8/23/2023 at 10:00am
                     Most, but not all, of the CHPC resources are once again accessible.  The notable resources
                        that are not ready for use are the redwood cluster, including the interactive nodes,
                        and the PE /scratch/ucgd/lustre file system.
                     At this time CHPC staff is working on identifying additional resources that are not
                        accessible and working to bring them back online.  Once we complete this process, we will send out a notification of the resources that
                           need additional work.
                     If you notice any other CHPC resource that is not accessible, please send a report
                        to helpdesk@chpc.utah.edu 
                     8/22/2023 at 6:45pm 
                            
                        
                        At about 3pm there was a widespread disruption of campus IT services that is being
                              attributed to humidity issues in the datacenter. You can monitor the current status
                              at https://uofu.status.io/   At this time the is no estimated time for resolution.

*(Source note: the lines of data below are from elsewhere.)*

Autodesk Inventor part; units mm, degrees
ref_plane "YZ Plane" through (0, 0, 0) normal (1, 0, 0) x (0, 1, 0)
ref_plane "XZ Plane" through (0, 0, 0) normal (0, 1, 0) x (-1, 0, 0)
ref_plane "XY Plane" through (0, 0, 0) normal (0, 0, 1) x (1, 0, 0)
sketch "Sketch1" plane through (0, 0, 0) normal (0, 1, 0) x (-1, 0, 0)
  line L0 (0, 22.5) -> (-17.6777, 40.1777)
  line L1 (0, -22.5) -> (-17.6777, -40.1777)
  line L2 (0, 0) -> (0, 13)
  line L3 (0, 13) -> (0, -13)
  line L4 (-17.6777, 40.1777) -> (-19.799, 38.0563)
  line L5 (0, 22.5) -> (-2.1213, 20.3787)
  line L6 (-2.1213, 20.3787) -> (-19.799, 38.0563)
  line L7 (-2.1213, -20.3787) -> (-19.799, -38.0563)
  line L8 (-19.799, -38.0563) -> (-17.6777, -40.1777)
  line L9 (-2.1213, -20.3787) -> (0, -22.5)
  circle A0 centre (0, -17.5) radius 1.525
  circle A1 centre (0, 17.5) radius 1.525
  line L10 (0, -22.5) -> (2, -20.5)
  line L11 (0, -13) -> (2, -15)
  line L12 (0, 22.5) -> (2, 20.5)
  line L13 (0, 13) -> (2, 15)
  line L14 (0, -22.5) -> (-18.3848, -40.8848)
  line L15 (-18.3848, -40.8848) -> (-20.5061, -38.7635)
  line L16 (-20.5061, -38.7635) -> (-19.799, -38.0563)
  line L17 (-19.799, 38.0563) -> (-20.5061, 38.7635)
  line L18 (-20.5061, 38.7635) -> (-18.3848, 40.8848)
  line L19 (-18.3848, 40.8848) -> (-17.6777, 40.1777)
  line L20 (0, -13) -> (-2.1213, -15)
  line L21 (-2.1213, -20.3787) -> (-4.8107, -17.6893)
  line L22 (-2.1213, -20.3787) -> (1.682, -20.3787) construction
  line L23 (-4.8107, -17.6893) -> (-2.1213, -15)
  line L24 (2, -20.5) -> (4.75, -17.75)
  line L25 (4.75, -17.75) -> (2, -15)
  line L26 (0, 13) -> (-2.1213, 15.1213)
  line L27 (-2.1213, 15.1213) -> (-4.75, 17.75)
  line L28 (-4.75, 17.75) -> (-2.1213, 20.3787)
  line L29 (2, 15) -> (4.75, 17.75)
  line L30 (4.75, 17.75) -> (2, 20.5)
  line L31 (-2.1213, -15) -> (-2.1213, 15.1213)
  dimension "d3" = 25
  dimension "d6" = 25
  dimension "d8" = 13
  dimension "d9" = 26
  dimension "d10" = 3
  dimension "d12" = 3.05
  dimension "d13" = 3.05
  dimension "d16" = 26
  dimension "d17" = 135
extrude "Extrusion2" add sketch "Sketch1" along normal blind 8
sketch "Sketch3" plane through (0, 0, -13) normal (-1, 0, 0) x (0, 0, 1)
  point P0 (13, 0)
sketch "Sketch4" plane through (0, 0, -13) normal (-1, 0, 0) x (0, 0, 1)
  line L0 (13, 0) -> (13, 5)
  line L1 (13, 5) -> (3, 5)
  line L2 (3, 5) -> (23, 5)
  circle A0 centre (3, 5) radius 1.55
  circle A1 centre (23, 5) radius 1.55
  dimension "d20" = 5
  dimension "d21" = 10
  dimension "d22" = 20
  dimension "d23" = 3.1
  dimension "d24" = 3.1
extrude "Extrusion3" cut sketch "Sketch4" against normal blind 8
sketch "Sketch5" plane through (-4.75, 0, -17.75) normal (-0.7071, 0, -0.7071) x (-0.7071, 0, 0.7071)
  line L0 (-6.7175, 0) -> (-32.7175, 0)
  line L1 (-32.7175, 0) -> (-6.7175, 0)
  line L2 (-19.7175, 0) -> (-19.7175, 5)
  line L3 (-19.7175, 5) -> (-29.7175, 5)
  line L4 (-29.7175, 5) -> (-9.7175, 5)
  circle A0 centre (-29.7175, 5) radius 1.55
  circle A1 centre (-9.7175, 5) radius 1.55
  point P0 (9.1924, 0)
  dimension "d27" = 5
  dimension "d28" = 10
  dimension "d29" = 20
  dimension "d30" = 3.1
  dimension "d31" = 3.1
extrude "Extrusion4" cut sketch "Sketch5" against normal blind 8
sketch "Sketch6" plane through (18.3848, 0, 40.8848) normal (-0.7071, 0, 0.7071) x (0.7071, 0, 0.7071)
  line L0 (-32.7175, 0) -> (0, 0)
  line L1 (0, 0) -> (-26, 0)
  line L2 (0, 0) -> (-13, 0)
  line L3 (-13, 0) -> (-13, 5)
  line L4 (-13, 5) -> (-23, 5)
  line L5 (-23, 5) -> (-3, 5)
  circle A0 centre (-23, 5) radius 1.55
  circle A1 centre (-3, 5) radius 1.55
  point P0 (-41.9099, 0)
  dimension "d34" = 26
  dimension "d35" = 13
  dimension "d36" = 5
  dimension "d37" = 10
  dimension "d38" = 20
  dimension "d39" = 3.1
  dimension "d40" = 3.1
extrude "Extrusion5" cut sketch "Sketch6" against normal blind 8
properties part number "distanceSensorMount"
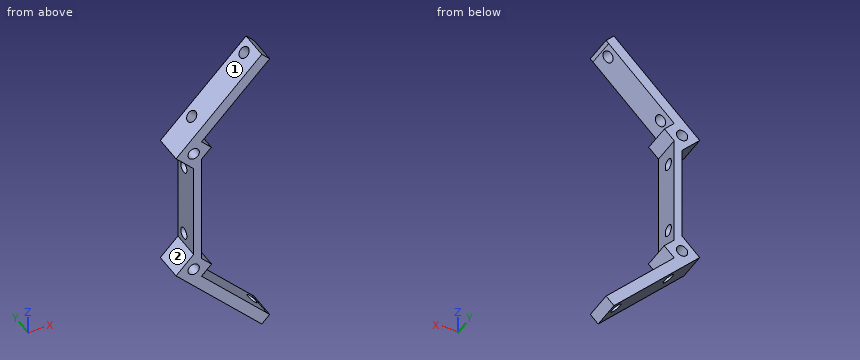
Can you work these out from the model? Positions are in its coordinate system, mm. Face numbers are marked on the shaded views. Coordinates: 2 decimals unless noted, no trailing zeros. Order: outer loops, then holes, each group sorted by start corner. A loop starts at its lowest first (then second) coordinate and runs counter-clockwise, first axis right, second up. Notation, with made-up numbers: (56, 45) - (109, 45) arc R13 ccw to (109, 62) - close; hole circle Ø4 at (39.5, 3). An arc over 180 degrees is marked (long way). Answer in a Markdown table with one row per item.
1. If we mould it in two halves opening along Z, with no side actions, what happens to the marked faces 1 and 2? For each: pulls with the +Z half, pulls with the -Z half, needs draft (parallel to the pull), parting line crosses it, or undercut.
Reply:
| item | result |
|---|---|
| face 1 | pulls with the +Z half |
| face 2 | undercut |
2. Suppose I cut it at B-B (x = 11.75). Please give me the cut outline in (y, z).
Reply:
| item | result |
|---|---|
| outline | (0, -34.25) - (8, -34.25) - (8, -30.01) - (0, -30.01) - close; (0, 30.01) - (8, 30.01) - (8, 34.25) - (0, 34.25) - close |
3. For pin 1 (5 mm diameter, centred on x = 0, z = 17.5, fed in from +Y); pin 2 (3 mm diameter, centred on x = 9.5, y = 3.5, fed in from -Z); pin 3 (4 mm diameter, centred on x = 12, y = 1.5, fed in from -Z); pin 4 (2.5 mm diameter, centred on y = 2.5, z = 4, fed in from +X), each with a flat end and sliding along its axis, tell me the tip position at first contact or that it passes through.
Reply:
| item | result |
|---|---|
| pin 1 | stops at y = 8 |
| pin 2 | stops at z = -33.5 |
| pin 3 | stops at z = -36.5 |
| pin 4 | stops at x = 2.12 |
4. If I drill on line 1 along Y through (x, z) = (0.8, -10); line 2 along Z through (x, y) = (1.25, 1.5); line 3 along Z through (x, y) = (-0.75, 6.5), over which ranges is the centre line in solid material (lowest first)?
Reply:
| item | result |
|---|---|
| line 1 | y = 0 to 3.45, 6.55 to 8 |
| line 2 | z = -23.75 to -18.37, -16.63 to 16.63, 18.37 to 23.75 |
| line 3 | z = -21.75 to -18.83, -16.17 to -13.75, 13.75 to 16.17, 18.83 to 21.75 |
5. Suppose I cut it at A-A (z = -10). Please give me the cut outline in (x, y), and give its area (3 significant figures).
Reply:
| item | result |
|---|---|
| outline | (0, 0) - (2.12, 0) - (2.12, 3.45) - (0, 3.45) - close; (0, 6.55) - (2.12, 6.55) - (2.12, 8) - (0, 8) - close |
| area | 10.4 mm^2 |
6. Suppose I cut it at D-D (z = 27). Please give me the cut outline in (x, y), and give its area (3 significant figures).
Reply:
| item | result |
|---|---|
| outline | (4.5, 0) - (8.74, 0) - (8.74, 8) - (4.5, 8) - close |
| area | 33.9 mm^2 |
7. Suppose I cut it at C-C (y = 2.75). Give the number of separate pieces and of enclosed holes in the cut face, and give its area (3 significant figures).
Reply:
| item | result |
|---|---|
| separate pieces | 1 |
| enclosed holes | 2 |
| area | 292 mm^2 |
Autodesk Inventor part; units mm, degrees
ref_plane "YZ Plane" through (0, 0, 0) normal (1, 0, 0) x (0, 1, 0)
ref_plane "XZ Plane" through (0, 0, 0) normal (0, 1, 0) x (-1, 0, 0)
ref_plane "XY Plane" through (0, 0, 0) normal (0, 0, 1) x (1, 0, 0)
sketch "Sketch1" plane through (0, 0, 0) normal (0, 0, 1) x (1, 0, 0)
  circle A0 centre (0, 0) radius 1.5
  arc A1 (-0.6702, -11.9813) -> (0, 12) centre (0, 0) ccw
  circle A2 centre (-50, 0) radius 1.5
  arc A3 (-6.6581, 4.4351) -> (-6.6581, -4.4351) centre (0, 0) ccw
  line L0 (-44.9603, 5.4977) -> (-8.4343, 7.5407)
  line L1 (-44.9603, -5.4977) -> (-8.4343, -7.5407)
  arc A4 (-44.9603, 5.4977) -> (-46.0589, 3.0769) centre (-44.8765, 4) ccw
  arc A5 (-46.0589, -3.0769) -> (-44.9603, -5.4977) centre (-44.8765, -4) ccw
  arc A6 (-6.6581, 4.4351) -> (-8.4343, 7.5407) centre (-8.3226, 5.5439) ccw
  arc A7 (-8.4343, -7.5407) -> (-6.6581, -4.4351) centre (-8.3226, -5.5439) ccw
  line L2 (-104, 0) -> (-57, 0) construction
  line L3 (-106, -18) -> (-104, -18)
  line L4 (-98, -12) -> (-98, -6.6741)
  line L5 (-112, -12) -> (-112, 18)
  arc A8 (-94.8953, -3.6759) -> (-98, -6.6741) centre (-95, -6.6741) ccw
  arc A9 (-106, 24) -> (-112, 18) centre (-106, 18) ccw
  arc A10 (-112, -12) -> (-106, -18) centre (-106, -12) ccw
  arc A11 (-104, -18) -> (-98, -12) centre (-104, -12) ccw
  arc A12 (-46.0589, -3.0769) -> (-46.0589, 3.0769) centre (-50, 0) ccw
  line L6 (-103, 19) -> (-106, -12) construction
  line L7 (-106.0856, 19.2986) -> (-109.0856, -11.7014)
  line L8 (-109.0856, -11.7014) -> (-102.9144, -12.2986)
  line L9 (-106.0856, 19.2986) -> (-99.9144, 18.7014)
  line L10 (-99.9144, 18.7014) -> (-102.9144, -12.2986)
  line L11 (-106, 24) -> (-103, 24)
  arc A13 (-98, 15) -> (-95, 12) centre (-95, 15) ccw
  line L12 (-95, 12) -> (-54, 12)
  line L13 (-47.8018, 9.3262) -> (0, 12)
  line L14 (-50.2234, -9.2095) -> (-0.6702, -11.9813)
  line L15 (-56.9088, -5.0024) -> (-94.8953, -3.6759)
  arc A14 (-51.0126, 10.66) -> (-54, 12) centre (-54, 8) ccw
  arc A15 (-51.0126, 10.66) -> (-47.8018, 9.3262) centre (-48.0252, 13.32) ccw
  arc A16 (-53.5242, -7.1079) -> (-50.2234, -9.2095) centre (-50, -5.2158) ccw
  arc A17 (-53.5242, -7.1079) -> (-56.9088, -5.0024) centre (-57.0484, -9) ccw
  line L16 (-91.3398, 7) -> (-58.0777, 7)
  line L17 (-59.5071, -0.9093) -> (-91.5071, 0.2082)
  line L18 (-93.4361, 2.2768) -> (-93.3386, 5.0698)
  arc A18 (-56.3772, 3.9474) -> (-57.4505, 0.8601) centre (-50, 0) ccw
  arc A19 (-59.5071, -0.9093) -> (-57.4505, 0.8601) centre (-59.4373, 1.0895) ccw
  arc A20 (-56.3772, 3.9474) -> (-58.0777, 7) centre (-58.0777, 5) ccw
  arc A21 (-91.3398, 7) -> (-93.3386, 5.0698) centre (-91.3398, 5) ccw
  arc A22 (-93.4361, 2.2768) -> (-91.5071, 0.2082) centre (-91.4373, 2.207) ccw
  line L19 (-98, 15) -> (-98, 19)
  arc A23 (-98, 19) -> (-103, 24) centre (-103, 19) ccw
  point P0 (-0.4468, -7.9875)
  point P1 (-94.8178, 5.6675)
  point P2 (-94.8178, 5.6675)
  point P3 (-52.6926, 7)
  point P4 (-57.4355, -0.9816)
  dimension "d0" = 3
  dimension "d2" = 12
  dimension "d10" = 50
  dimension "d14" = 16
  dimension "d18" = 2
  dimension "d31" = 7
  dimension "d42" = 3
  dimension "d43" = 6
  dimension "d52" = 14
  dimension "d53" = 98
  dimension "d57" = 18
  dimension "d60" = 24
  dimension "d61" = 3.1
  dimension "d63" = 5
  dimension "d77" = 8
  dimension "d80" = 4
  dimension "d81" = 4
  dimension "d82" = 4
  dimension "d83" = 4
  dimension "d84" = 1.5
  dimension "d85" = 9
  dimension "d86" = 4
  dimension "d87" = 8
  dimension "d88" = 178
  dimension "d90" = 5
  dimension "d91" = 4
  dimension "d92" = 7.5
  dimension "d93" = 2
  dimension "d94" = 2
  dimension "d95" = 32
  dimension "d96" = 5
extrude "Extrusion1" add sketch "Sketch1" along normal blind 5.85
properties part number "tipper_link_C"
The listing builds one solid part. Answer for the finished solid, in the listing's coordinates (mm). A direction names the side the tool comes from. Round coordinates to 2 decimals unless told otherwise and drop trailing zeros. Order: outer loops, then holes, each group sorted by start corner. A loop starts at its lowest first (then second) coordinate and runs counter-clockwise, first axis right, second up. Notation, with made-up numbers: (61, 35.25) -> (89, 35.25) arc R21 ccw to (89, 63.25) -> close; hole circle Ø6 at (29, -2.75). An arc over 180 degrees is marked (long way). Write each question's results on one line, items separated by ' | '. Start each with the question number.
Q1. The mould has two halves that part along Y. Classify faces 3 (the cylindrical face through (-57.09, 2.44, 2.88)), 4 (the cylindrical face through (-52.384, 11.659, 2.884)), 5 (the cylindrical face through (-52.12, -8.61, 2.88)), 6 (the flat face through (-112, 3, 3)): pulls with the +Y half, pulls with the -Y half, needs draft (parallel to the pull), parting line crosses it, or undercut.
Q2. Find section B-B (x = -26.5). Determine the outline of the cut face in (y, z), then the cut area to 3 significant figures.
Q3. Which of the six approach directions +Z, -Z, +X, -X, +Y, -Y give full straight-line access (tool end or side, diameter ignored) to faces 1 (the flat face through (-26.953, 6.505, 2.884)), 2 (the flat face through (-55, 0, 5.85))?
Q4. Find section A-A (y = -10.5). Determine the outline of the cut face in (x, z), then the cut area to 3 significant figures.
Q5. Straight lines are drawn through the part: probe 1 along X at (y, z) = (-1, 2.7); probe 2 along Y at (x, z) = (-7, 3.25); probe 3 along Y at (x, z) = (-105.5, 1.65). For each, find the intervals that lie inside material, in ascending order. Write a range as from..to.
Q6. Each of these flat-tipped pins is pushed along its axis until it touches: pin 1 (2 mm diameter, centred on y = 17, z = 2, fed in from +X); pin 2 (10 mm diameter, centred on x = -38, y = 18, fed in from -Z); pin 3 (2 mm diameter, centred on x = -13, z = 1.5, fed in from +Y); pin 4 (2.5 mm diameter, centred on y = -9, z = 2, fed in from +X). Where does it stop, or does it pass through?
Q7. Find section D-D (y = 21). Determine the outline of the cut face in (x, z).
Q8. Find section C-C (z = 1). Give the number of separate pieces and of enclosed holes in the cut face, then the cut area to 3 significant figures.
Worked answers:
1) face 3: undercut | face 4: pulls with the +Y half | face 5: pulls with the -Y half | face 6: needs draft
2) outline: (-10.54, 0) -> (-6.53, 0) -> (-6.53, 5.85) -> (-10.54, 5.85) -> close; (6.53, 0) -> (10.52, 0) -> (10.52, 5.85) -> (6.53, 5.85) -> close | area: 46.8 mm2
3) face 1: +Z, -Z | face 2: +Z, +X, -X, +Y, -Y
4) outline: (-112, 0) -> (-108.97, 0) -> (-108.97, 5.85) -> (-112, 5.85) -> close; (-102.74, 0) -> (-98, 0) -> (-98, 5.85) -> (-102.74, 5.85) -> close; (-27.15, 0) -> (5.81, 0) -> (5.81, 5.85) -> (-27.15, 5.85) -> close | area: 238 mm2
5) probe 1: x = -112..-108.05, -101.82..-51.12, -48.88..-45.1, -7.94..-1.12, 1.12..11.96 | probe 2: y = -11.63..-7.04, -3.87..3.87, 7.04..11.61 | probe 3: y = -18..-12.05, 19.24..24
6) pin 1: stops at x = -98 | pin 2: passes through | pin 3: stops at y = 11.33 | pin 4: stops at x = 9.16
7) outline: (-111.2, 0) -> (-98.42, 0) -> (-98.42, 5.85) -> (-111.2, 5.85) -> close
8) separate pieces: 1 | enclosed holes: 5 | area: 1,670 mm2

                           These issues resulted in an outage for remote access to CHPC resources. The outage will continue until the campus level event has been addressed.  CHPC staff
                                 has been actively working to identify the impact on CHPC hardware, and so far we have
                                 determined issues with some network equipment in the PE.  We are working with support
                                 to get those addressed.  
                        Our current view is that once the campus issues are fully sorted that the general
                                 environment should be in good shape, but the PE depends on us addressing the issues
                                 we have found.